TASK PROMPT:
Reproduce, exactly and in full, only the lines below from the one containing "43. row of recycling bins (902,487,906,522)" through the one containing "name;x;y;z;sx;sy;sz;roll;pitch;yaw".

EXTRACTED RECORDS:
- Opening Delimiter -
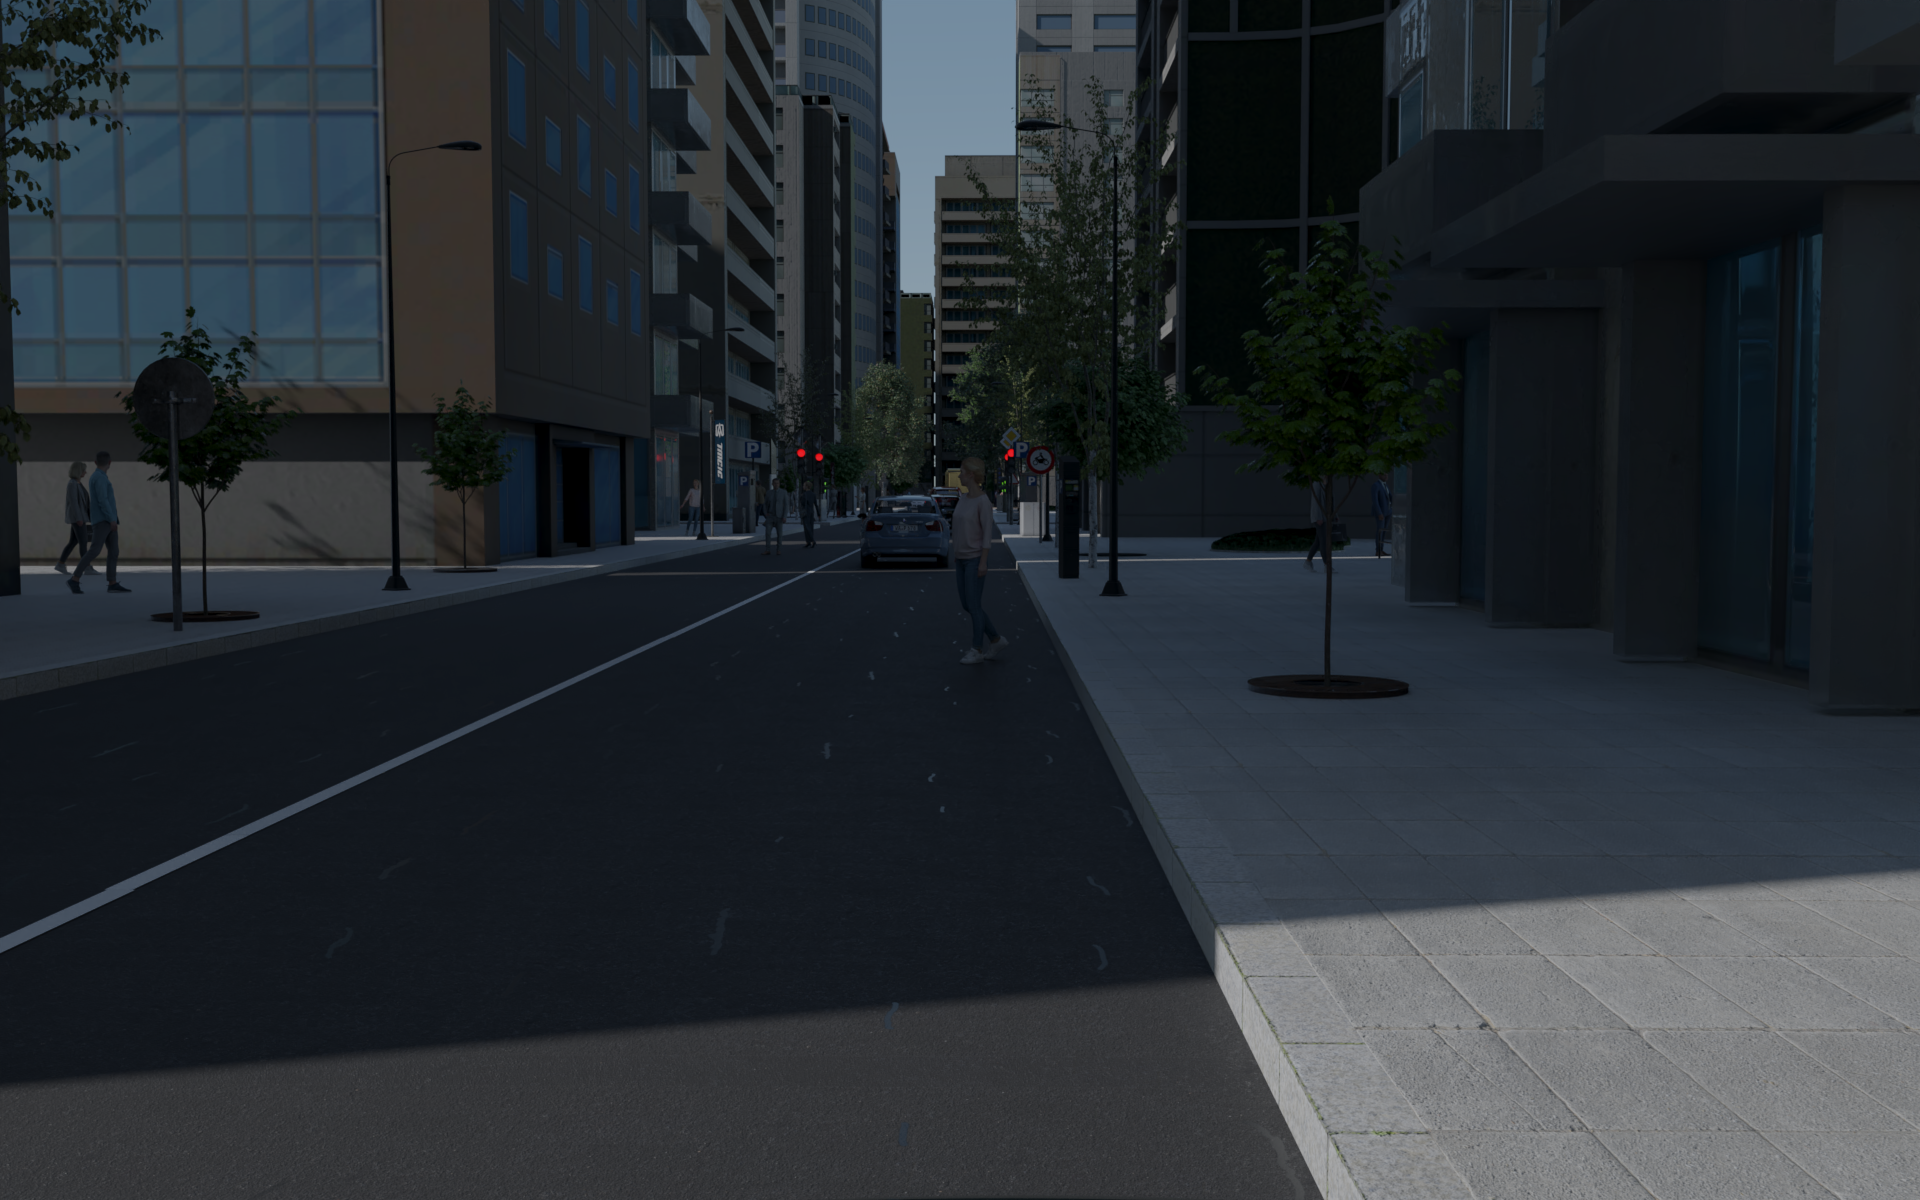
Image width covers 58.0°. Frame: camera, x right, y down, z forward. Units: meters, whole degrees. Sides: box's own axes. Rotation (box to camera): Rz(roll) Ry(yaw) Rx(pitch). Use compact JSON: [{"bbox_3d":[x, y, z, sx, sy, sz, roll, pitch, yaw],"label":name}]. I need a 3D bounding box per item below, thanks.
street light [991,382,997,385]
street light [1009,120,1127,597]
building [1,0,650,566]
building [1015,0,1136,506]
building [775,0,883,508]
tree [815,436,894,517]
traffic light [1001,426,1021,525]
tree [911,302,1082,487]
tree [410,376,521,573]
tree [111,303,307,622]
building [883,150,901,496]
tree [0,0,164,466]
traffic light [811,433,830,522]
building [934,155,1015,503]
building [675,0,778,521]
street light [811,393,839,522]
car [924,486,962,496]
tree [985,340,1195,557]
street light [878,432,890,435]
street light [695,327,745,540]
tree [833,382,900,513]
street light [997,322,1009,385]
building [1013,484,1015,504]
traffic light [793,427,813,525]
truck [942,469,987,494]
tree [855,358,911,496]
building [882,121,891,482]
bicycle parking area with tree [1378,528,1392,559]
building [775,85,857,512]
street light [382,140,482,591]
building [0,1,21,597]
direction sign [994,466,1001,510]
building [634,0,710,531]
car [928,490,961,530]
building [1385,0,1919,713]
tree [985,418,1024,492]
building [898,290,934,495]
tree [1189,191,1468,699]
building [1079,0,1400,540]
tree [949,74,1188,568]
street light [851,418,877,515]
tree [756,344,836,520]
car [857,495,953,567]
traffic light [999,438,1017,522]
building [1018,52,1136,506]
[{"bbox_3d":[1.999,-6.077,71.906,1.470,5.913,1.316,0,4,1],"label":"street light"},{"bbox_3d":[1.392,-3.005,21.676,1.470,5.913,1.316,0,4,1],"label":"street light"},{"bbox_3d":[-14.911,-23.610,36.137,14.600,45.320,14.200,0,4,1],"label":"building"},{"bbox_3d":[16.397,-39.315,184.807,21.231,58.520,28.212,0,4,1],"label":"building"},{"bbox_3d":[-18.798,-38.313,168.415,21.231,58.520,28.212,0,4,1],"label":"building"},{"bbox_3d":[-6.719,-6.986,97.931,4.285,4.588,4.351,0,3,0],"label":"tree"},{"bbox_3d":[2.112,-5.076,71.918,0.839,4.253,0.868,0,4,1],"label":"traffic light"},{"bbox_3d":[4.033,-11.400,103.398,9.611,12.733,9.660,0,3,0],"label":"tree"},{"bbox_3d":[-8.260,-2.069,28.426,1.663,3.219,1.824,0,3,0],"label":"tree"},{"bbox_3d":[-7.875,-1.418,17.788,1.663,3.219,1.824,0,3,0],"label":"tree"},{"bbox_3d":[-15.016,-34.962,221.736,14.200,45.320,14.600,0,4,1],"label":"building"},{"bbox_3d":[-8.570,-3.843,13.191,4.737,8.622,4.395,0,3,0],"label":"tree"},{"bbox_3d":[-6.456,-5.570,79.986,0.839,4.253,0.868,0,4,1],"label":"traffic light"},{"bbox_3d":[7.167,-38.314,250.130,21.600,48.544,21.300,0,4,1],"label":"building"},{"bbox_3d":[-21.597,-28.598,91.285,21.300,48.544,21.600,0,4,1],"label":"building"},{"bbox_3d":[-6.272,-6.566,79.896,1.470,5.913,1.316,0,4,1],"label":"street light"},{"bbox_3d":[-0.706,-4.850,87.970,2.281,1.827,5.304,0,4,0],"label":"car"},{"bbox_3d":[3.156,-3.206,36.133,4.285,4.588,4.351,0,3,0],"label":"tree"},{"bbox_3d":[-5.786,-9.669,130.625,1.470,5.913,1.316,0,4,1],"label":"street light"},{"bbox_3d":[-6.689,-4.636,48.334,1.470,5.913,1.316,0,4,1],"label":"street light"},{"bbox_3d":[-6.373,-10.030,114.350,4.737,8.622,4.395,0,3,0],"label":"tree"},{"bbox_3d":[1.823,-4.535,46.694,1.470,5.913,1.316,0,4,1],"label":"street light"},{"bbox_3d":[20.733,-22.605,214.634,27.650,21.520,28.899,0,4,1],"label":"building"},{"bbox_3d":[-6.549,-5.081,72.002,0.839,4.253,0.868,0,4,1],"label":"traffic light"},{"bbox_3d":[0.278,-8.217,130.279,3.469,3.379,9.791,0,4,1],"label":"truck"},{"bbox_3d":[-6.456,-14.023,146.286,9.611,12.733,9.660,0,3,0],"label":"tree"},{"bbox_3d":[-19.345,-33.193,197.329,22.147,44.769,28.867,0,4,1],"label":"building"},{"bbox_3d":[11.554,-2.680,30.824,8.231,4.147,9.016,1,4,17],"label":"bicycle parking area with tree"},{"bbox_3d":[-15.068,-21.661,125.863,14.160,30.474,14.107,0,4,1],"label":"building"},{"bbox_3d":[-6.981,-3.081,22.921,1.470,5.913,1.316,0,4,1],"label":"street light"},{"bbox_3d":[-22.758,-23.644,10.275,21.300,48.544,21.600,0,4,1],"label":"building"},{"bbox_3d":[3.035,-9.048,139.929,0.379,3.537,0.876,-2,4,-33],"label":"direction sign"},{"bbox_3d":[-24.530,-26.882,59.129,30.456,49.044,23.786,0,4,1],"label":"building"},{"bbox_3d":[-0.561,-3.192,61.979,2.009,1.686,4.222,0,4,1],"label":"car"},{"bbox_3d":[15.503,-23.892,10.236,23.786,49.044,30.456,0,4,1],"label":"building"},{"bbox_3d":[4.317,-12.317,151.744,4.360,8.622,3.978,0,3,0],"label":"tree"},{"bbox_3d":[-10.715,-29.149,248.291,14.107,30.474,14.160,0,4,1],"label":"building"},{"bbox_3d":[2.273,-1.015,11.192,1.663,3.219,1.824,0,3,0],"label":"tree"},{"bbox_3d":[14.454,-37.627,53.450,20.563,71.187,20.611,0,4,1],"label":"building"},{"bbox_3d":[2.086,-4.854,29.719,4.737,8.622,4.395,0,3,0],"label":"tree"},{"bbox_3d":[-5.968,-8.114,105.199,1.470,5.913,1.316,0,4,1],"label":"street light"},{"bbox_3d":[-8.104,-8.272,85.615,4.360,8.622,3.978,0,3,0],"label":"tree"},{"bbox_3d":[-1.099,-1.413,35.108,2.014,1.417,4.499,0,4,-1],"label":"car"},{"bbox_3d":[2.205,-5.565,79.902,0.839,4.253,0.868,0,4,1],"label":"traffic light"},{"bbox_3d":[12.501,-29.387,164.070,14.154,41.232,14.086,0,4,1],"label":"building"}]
- Closing Delimiter -
- Opening Delimiter -
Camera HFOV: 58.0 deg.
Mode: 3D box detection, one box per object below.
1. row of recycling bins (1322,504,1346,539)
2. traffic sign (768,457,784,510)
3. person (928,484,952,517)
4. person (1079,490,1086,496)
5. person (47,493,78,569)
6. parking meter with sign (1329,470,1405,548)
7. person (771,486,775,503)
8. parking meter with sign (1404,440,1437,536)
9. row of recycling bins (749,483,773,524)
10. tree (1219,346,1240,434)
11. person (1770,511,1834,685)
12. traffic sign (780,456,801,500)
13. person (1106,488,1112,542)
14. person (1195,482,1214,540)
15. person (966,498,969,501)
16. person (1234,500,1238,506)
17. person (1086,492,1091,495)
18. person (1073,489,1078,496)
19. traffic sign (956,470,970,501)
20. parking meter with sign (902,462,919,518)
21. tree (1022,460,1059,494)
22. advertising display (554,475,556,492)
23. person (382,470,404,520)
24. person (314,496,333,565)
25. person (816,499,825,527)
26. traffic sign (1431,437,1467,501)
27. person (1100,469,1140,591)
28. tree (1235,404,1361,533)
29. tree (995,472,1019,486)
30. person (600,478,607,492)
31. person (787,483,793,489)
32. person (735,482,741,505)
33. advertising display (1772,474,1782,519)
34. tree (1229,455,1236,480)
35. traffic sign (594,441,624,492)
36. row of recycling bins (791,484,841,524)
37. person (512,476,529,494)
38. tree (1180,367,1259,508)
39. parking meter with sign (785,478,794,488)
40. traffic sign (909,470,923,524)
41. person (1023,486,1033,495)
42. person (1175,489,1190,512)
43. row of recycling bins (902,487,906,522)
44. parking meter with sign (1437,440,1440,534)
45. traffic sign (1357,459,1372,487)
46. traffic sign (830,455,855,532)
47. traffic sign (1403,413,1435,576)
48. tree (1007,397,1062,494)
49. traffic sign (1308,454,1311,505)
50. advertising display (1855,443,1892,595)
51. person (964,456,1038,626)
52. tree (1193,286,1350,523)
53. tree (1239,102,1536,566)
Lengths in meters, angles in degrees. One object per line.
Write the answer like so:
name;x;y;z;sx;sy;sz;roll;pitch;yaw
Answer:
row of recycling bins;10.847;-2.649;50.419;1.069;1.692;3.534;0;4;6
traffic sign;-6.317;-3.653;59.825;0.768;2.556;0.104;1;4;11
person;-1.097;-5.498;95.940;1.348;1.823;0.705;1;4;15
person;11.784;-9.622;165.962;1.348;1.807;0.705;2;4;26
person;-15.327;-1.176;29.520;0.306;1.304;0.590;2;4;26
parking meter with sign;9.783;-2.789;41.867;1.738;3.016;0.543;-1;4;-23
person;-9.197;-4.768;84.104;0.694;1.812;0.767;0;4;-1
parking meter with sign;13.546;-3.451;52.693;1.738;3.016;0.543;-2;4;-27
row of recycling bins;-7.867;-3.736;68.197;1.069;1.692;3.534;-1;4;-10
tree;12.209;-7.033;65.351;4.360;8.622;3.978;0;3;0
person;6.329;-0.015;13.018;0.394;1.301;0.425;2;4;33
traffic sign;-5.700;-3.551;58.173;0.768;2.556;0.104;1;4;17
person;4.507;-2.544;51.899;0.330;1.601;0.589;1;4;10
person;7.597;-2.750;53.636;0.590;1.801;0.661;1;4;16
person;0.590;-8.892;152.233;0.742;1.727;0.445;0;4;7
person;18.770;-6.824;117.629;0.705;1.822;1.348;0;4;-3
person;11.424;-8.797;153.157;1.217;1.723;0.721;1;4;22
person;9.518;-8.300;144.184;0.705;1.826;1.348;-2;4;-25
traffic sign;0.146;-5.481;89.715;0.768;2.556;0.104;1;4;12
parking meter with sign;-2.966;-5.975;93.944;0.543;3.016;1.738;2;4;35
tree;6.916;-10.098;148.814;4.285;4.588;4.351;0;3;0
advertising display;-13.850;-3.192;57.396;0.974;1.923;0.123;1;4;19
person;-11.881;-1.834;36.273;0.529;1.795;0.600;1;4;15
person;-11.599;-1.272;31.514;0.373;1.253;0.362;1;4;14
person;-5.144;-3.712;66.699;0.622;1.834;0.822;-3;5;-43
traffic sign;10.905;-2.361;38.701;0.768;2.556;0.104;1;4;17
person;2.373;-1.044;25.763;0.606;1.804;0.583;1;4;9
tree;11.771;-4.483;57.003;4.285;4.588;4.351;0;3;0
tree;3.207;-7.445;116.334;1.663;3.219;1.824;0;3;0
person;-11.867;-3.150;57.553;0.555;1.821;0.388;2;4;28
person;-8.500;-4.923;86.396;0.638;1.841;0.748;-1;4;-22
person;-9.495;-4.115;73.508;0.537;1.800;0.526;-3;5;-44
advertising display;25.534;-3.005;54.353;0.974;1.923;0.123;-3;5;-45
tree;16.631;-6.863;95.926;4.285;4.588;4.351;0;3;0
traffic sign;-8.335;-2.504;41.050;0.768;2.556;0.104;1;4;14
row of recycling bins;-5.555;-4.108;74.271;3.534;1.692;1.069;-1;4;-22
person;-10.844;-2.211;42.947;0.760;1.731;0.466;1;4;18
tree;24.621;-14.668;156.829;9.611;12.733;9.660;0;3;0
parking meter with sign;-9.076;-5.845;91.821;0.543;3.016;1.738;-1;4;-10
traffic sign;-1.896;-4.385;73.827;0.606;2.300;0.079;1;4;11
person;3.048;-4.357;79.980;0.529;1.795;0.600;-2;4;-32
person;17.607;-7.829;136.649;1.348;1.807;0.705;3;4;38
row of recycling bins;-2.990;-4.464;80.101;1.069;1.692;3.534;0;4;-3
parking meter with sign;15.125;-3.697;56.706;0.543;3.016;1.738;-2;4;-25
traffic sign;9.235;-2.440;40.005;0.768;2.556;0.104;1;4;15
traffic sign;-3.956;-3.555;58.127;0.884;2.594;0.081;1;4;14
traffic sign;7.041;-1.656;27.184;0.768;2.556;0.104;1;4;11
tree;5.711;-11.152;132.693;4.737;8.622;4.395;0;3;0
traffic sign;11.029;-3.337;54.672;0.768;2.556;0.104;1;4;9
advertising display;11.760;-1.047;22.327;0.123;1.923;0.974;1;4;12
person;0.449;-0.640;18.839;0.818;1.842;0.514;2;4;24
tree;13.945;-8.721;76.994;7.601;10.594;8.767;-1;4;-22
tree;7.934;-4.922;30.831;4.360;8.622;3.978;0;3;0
- Closing Delimiter -
RESPONSE TO THIS TASK:
43. row of recycling bins (902,487,906,522)
44. parking meter with sign (1437,440,1440,534)
45. traffic sign (1357,459,1372,487)
46. traffic sign (830,455,855,532)
47. traffic sign (1403,413,1435,576)
48. tree (1007,397,1062,494)
49. traffic sign (1308,454,1311,505)
50. advertising display (1855,443,1892,595)
51. person (964,456,1038,626)
52. tree (1193,286,1350,523)
53. tree (1239,102,1536,566)
Lengths in meters, angles in degrees. One object per line.
Write the answer like so:
name;x;y;z;sx;sy;sz;roll;pitch;yaw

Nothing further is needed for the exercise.